Cette première nuit, entre des verres de whisky et de longs baisers, je lui ai raconté ce que je n’avais jamais confié à personne. Je lui ai parlé de mes fantasmes sans filtre, des choses que j’imaginais au lit depuis des années en les taisant par honte. Il m’a rendu les siens avec le même calme. Il m’a dit qu’il avait une propriété en dehors de la ville, loin du bruit, loin des voisins et des téléphones, équipée comme un décor de cinéma.
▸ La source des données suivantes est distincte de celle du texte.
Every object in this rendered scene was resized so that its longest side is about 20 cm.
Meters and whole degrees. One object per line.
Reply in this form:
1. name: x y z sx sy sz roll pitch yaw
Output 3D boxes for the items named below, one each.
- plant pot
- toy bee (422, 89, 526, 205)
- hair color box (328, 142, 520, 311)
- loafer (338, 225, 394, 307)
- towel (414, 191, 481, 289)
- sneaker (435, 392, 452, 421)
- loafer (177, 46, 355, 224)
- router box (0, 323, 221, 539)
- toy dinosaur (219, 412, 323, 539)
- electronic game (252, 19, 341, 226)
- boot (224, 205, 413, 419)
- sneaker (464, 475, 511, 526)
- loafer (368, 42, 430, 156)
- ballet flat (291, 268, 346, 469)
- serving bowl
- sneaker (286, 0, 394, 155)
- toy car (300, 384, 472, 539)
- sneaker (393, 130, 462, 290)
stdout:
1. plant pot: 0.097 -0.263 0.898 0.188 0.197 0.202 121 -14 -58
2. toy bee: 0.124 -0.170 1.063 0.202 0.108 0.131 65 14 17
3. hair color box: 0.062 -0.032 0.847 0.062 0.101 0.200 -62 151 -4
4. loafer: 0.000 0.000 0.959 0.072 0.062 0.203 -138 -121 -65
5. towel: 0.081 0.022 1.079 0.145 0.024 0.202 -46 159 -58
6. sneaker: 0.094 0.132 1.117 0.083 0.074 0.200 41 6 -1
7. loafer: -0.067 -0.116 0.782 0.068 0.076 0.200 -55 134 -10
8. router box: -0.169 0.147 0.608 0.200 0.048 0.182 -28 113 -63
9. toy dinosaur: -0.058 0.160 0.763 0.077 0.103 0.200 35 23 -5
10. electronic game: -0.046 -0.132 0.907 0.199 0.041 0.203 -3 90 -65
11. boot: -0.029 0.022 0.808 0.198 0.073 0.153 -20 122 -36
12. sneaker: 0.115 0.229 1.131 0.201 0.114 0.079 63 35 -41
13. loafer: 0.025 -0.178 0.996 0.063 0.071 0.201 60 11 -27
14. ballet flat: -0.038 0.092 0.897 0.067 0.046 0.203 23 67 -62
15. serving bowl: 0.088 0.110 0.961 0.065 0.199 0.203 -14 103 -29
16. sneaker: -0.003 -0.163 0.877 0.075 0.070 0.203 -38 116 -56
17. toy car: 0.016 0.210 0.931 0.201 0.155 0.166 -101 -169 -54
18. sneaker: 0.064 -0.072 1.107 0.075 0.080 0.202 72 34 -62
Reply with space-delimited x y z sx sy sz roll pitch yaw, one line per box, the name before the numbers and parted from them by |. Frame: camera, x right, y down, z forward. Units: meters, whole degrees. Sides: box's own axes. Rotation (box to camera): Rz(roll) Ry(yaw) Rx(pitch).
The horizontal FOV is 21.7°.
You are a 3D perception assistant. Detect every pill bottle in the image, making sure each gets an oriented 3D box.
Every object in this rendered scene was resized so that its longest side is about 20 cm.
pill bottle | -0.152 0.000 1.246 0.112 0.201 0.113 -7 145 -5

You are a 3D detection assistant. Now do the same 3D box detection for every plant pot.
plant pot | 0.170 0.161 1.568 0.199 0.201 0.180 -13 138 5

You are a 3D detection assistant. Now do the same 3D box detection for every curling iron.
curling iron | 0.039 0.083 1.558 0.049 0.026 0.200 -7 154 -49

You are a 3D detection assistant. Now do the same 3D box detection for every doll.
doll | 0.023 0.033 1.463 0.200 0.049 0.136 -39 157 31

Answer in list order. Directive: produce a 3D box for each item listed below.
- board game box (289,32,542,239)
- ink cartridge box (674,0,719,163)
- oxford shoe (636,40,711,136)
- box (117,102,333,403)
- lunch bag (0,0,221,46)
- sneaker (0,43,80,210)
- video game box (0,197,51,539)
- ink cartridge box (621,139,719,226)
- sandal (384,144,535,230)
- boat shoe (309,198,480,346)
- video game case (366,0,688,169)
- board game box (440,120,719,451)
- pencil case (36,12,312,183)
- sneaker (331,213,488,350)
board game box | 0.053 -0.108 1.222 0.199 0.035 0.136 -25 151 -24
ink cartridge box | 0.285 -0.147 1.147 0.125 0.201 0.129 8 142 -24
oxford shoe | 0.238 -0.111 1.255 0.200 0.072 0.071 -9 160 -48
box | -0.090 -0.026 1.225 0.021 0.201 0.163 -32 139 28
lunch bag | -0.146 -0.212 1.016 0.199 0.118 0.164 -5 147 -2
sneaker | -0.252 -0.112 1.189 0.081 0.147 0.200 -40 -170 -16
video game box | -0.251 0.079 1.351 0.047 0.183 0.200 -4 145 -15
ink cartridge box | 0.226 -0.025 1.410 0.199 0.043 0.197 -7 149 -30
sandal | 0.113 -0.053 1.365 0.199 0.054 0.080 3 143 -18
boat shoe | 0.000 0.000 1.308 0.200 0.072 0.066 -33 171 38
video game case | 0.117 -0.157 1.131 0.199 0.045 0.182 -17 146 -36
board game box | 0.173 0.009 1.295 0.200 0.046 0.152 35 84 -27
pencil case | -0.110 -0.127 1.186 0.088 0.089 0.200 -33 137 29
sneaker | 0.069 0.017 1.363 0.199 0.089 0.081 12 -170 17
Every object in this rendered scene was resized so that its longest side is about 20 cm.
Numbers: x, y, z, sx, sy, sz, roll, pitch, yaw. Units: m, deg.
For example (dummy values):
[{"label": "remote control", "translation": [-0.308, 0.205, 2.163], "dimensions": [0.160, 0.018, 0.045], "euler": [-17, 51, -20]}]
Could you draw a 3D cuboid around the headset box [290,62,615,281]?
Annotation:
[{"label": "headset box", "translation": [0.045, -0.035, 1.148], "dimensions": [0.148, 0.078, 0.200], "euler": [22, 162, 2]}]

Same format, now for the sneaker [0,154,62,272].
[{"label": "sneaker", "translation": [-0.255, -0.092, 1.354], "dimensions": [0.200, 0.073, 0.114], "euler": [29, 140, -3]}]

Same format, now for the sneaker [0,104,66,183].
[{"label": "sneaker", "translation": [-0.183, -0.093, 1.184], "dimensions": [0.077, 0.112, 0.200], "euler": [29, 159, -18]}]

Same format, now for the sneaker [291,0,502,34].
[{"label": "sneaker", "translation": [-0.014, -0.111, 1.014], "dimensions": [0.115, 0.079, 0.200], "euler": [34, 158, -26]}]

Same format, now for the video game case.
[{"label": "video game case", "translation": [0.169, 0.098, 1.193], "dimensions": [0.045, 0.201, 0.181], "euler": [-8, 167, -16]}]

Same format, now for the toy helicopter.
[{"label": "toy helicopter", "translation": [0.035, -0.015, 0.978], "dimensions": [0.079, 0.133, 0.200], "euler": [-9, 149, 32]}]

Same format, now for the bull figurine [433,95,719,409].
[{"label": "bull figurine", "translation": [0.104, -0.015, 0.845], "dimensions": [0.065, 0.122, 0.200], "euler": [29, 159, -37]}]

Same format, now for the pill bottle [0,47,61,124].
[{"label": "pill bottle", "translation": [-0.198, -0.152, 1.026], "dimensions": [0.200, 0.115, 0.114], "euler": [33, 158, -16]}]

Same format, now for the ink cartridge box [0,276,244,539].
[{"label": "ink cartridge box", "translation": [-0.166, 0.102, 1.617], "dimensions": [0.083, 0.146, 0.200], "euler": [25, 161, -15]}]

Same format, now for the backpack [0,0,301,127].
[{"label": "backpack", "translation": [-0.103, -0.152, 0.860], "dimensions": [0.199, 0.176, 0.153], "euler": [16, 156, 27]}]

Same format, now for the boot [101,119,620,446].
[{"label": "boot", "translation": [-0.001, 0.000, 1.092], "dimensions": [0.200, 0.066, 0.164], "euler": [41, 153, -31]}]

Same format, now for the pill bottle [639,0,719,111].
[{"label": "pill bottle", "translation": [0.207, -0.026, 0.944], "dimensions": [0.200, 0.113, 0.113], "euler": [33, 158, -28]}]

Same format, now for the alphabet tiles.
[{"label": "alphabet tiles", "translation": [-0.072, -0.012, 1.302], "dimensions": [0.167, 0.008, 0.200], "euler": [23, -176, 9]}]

Au début, j’ai hésité. Une femme ne monte pas dans la voiture d’un inconnu pour aller dans une maison isolée sans y réfléchir à deux fois. Mais quelque chose dans sa façon de me regarder me disait que cette occasion ne se représenterait pas, et que même si je ressortais de là cabossée, j’en ressortirais rassasiée d’une manière que je n’avais jamais connue. Il m’a aussi parlé de Rodrigo et d’Esteban, ses deux amis de toujours, ses complices dans ce genre de jeux. Nous avons parlé jusqu’à la fermeture du bar, en planifiant chaque détail, chaque mot de sécurité, chaque limite.
***
La chaleur de la flamme me parcourait le ventre de bas en haut. Les trois m’observaient en silence, attentifs comme des spectateurs dans un petit théâtre. Mateo a posé la bougie quelques secondes sur mon clitoris et un gémissement m’a échappé sans permission. Rodrigo n’a pas attendu : il m’a cinglé le visage d’un coup sec et s’est approché de mon oreille, sa respiration entière contre moi.
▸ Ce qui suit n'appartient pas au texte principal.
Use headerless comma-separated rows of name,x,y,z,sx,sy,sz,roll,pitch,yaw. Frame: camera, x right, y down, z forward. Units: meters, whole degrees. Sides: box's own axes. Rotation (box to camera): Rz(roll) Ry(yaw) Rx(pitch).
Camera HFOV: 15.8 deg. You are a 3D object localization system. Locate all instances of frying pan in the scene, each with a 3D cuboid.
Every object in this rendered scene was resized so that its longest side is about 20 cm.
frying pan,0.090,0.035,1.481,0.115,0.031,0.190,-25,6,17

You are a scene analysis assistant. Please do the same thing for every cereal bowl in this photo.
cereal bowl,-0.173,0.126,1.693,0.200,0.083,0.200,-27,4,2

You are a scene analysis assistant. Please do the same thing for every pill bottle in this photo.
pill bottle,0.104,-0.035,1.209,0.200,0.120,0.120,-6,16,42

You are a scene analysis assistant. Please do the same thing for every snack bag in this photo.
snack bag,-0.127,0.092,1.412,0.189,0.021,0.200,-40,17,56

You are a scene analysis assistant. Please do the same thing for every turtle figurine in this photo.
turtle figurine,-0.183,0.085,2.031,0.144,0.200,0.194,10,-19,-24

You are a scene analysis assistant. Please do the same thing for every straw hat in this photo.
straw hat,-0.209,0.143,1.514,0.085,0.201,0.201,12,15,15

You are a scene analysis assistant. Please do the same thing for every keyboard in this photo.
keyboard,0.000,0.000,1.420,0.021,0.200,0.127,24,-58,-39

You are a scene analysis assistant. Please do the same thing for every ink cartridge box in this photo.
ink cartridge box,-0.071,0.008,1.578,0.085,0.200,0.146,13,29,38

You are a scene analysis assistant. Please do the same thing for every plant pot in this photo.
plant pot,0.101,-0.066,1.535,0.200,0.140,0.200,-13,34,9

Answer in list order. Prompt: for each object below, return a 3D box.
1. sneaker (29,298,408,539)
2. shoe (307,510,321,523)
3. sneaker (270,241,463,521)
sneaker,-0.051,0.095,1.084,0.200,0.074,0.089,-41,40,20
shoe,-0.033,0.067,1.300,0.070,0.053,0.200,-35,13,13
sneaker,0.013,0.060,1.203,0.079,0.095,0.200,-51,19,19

— Si je t’entends encore geindre comme ça, je vais te faire bouffer de la merde. Tu m’as bien entendue ? —j’ai hoché la tête, lentement—. Allez, princesse, dis-moi avec ta bouche si t’as compris.
— Oui, papa.
— C’est comme ça que j’aime ça.
J’avais la peau entière hérissée. Je savais parfaitement qu’ils n’allaient avoir aucune pitié, et c’était exactement ce qui m’avait menée jusqu’à cette propriété.
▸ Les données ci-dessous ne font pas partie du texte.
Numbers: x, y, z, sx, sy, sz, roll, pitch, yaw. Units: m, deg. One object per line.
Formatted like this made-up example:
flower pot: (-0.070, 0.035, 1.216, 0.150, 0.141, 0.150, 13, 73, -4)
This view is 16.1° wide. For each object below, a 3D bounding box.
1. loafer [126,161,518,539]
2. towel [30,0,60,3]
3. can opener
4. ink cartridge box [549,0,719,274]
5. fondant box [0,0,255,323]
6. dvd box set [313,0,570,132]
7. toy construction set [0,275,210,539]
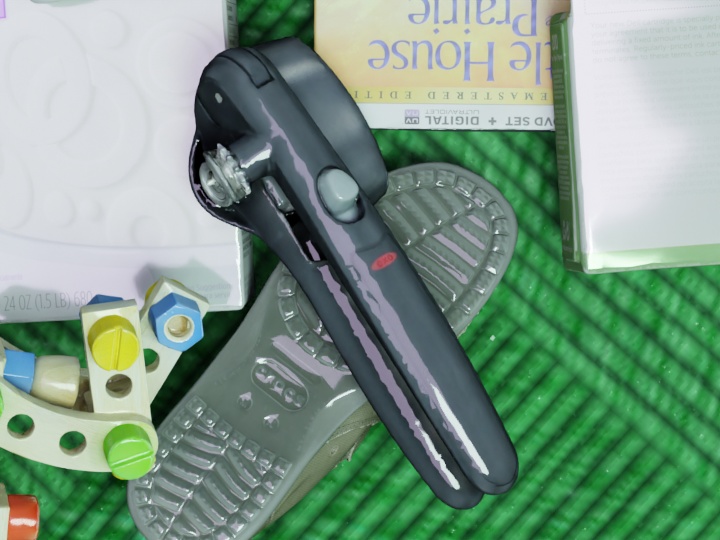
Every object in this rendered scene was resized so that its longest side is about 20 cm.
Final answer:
loafer: (-0.017, 0.036, 1.026, 0.200, 0.070, 0.075, -44, 81, -10)
towel: (-0.053, -0.192, 0.914, 0.199, 0.032, 0.191, -11, 133, 3)
can opener: (0.000, 0.000, 0.962, 0.078, 0.063, 0.200, -27, 81, -21)
ink cartridge box: (0.146, -0.103, 0.989, 0.145, 0.048, 0.201, -4, 93, -5)
fondant box: (-0.121, -0.081, 1.024, 0.144, 0.058, 0.201, -4, 93, 3)
dvd box set: (0.053, -0.156, 1.022, 0.146, 0.029, 0.201, 1, 94, 2)
toy construction set: (-0.126, 0.100, 0.950, 0.131, 0.092, 0.201, 2, 97, -16)
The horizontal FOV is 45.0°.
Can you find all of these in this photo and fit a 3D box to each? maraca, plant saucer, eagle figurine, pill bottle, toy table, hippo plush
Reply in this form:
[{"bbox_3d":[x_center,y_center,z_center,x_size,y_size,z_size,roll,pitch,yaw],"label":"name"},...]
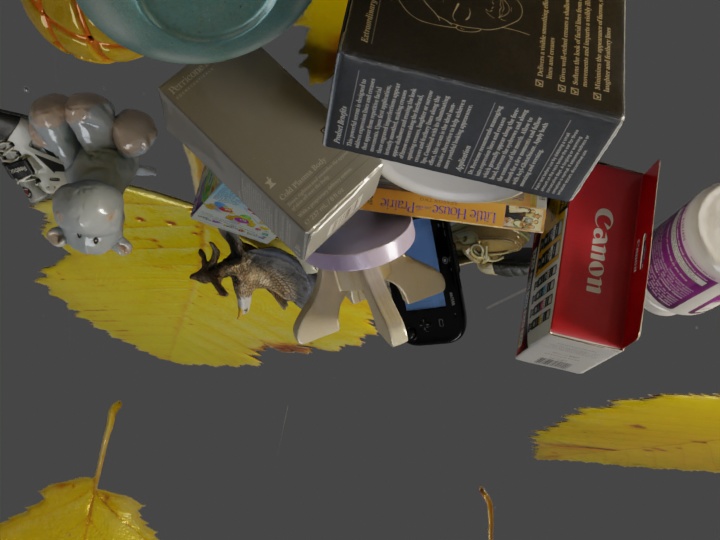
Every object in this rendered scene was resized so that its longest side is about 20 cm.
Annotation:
[{"bbox_3d":[-0.190,-0.232,0.689,0.199,0.108,0.137,-14,152,36],"label":"maraca"},{"bbox_3d":[-0.111,-0.219,0.626,0.199,0.039,0.202,-14,144,-10],"label":"plant saucer"},{"bbox_3d":[-0.157,0.008,1.349,0.198,0.153,0.151,0,143,-35],"label":"eagle figurine"},{"bbox_3d":[0.381,-0.014,0.978,0.111,0.113,0.200,12,162,-3],"label":"pill bottle"},{"bbox_3d":[0.000,0.000,0.965,0.182,0.118,0.200,-16,-158,-1],"label":"toy table"},{"bbox_3d":[-0.340,-0.107,1.055,0.158,0.162,0.200,15,161,-11],"label":"hippo plush"}]

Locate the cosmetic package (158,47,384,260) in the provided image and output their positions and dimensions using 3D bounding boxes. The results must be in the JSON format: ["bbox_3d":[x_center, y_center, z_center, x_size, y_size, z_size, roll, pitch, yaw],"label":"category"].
[{"bbox_3d":[-0.085,-0.120,0.821,0.200,0.107,0.090,43,163,5],"label":"cosmetic package"}]

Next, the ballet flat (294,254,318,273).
[{"bbox_3d":[-0.050,-0.020,1.290,0.068,0.068,0.199,-7,154,42],"label":"ballet flat"}]

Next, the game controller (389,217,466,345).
[{"bbox_3d":[0.076,-0.008,1.072,0.042,0.202,0.104,-13,-177,-40],"label":"game controller"}]

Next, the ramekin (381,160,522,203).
[{"bbox_3d":[0.091,-0.138,0.812,0.200,0.095,0.203,11,162,4],"label":"ramekin"}]

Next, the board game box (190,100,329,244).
[{"bbox_3d":[-0.109,-0.116,0.983,0.104,0.104,0.200,18,161,-20],"label":"board game box"}]

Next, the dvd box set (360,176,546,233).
[{"bbox_3d":[0.103,-0.083,0.950,0.198,0.030,0.146,8,-162,11],"label":"dvd box set"}]

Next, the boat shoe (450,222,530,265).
[{"bbox_3d":[0.135,-0.027,1.164,0.199,0.064,0.073,-3,157,38],"label":"boat shoe"}]

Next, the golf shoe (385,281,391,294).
[{"bbox_3d":[0.040,-0.024,1.149,0.198,0.098,0.078,17,-153,23],"label":"golf shoe"}]

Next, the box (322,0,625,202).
[{"bbox_3d":[0.084,-0.158,0.645,0.198,0.150,0.107,13,151,-3],"label":"box"}]

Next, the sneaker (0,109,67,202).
[{"bbox_3d":[-0.429,-0.140,1.135,0.074,0.089,0.199,-3,156,40],"label":"sneaker"}]

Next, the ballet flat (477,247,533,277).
[{"bbox_3d":[0.254,0.003,1.167,0.198,0.057,0.066,4,-158,18],"label":"ballet flat"}]

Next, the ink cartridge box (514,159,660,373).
[{"bbox_3d":[0.241,-0.009,0.933,0.083,0.202,0.176,13,162,-2],"label":"ink cartridge box"}]

— Ça suffit —a dit Mateo—. Détachez-la.
Esteban a desserré les cordes qui me retenaient suspendue au cadre en bois et m’a laissée tomber au sol d’un coup. Il n’y a pas eu le temps de respirer. Il m’a attrapée par les cheveux et m’a relevée d’une traction brutale, me gardant tout contre son torse, où flottait encore l’odeur de savon de sa chemise entrouverte. Il a commencé à m’embrasser avec une rage contenue, me mordant la lèvre, tandis que sa main libre revenait me chercher entre les jambes avec la même urgence que la première fois.
— Amène-la ici —a ordonné Mateo depuis l’autre bout du hangar.
Esteban m’a traînée jusqu’à la vieille table de bois qu’ils avaient installée au centre. Ils lui avaient fixé des entraves en cuir sur les côtés et deux repose-pieds, de sorte que mes genoux restent pliés et ouverts vers eux trois. C’était une position humiliante, totalement exposée, et le simple fait de le savoir me rendait plus mouillée.
Ils m’ont installée entre eux deux. Ils m’ont attaché les poignets, ils m’ont attaché les chevilles. Pendant que Mateo vérifiait les boucles, Esteban me léchait lentement le cou et les seins, s’arrêtant à chacune des marques laissées par les pinces. C’était un contraste cruel : une main qui retenait avec violence, une bouche qui caressait avec patience.
Avant de poursuivre la punition, Mateo s’est approché de mon sexe encore gonflé et a commencé à sucer. Dans cette position, je pouvais sentir chacun des mouvements de sa langue, entrant et sortant, me parcourant les plis avec une intention presque chirurgicale. J’étais au bord de la folie. Il me dévorait comme si j’étais un mets de choix, et pendant ce temps, ses doigts ont cherché très profond jusqu’à trouver l’endroit exact qui me faisait perdre le contrôle. J’ai lâché un jet tiède qui lui a mouillé le visage et la table, et il ne s’est pas arrêté. Au contraire, il a ri contre ma peau et a continué.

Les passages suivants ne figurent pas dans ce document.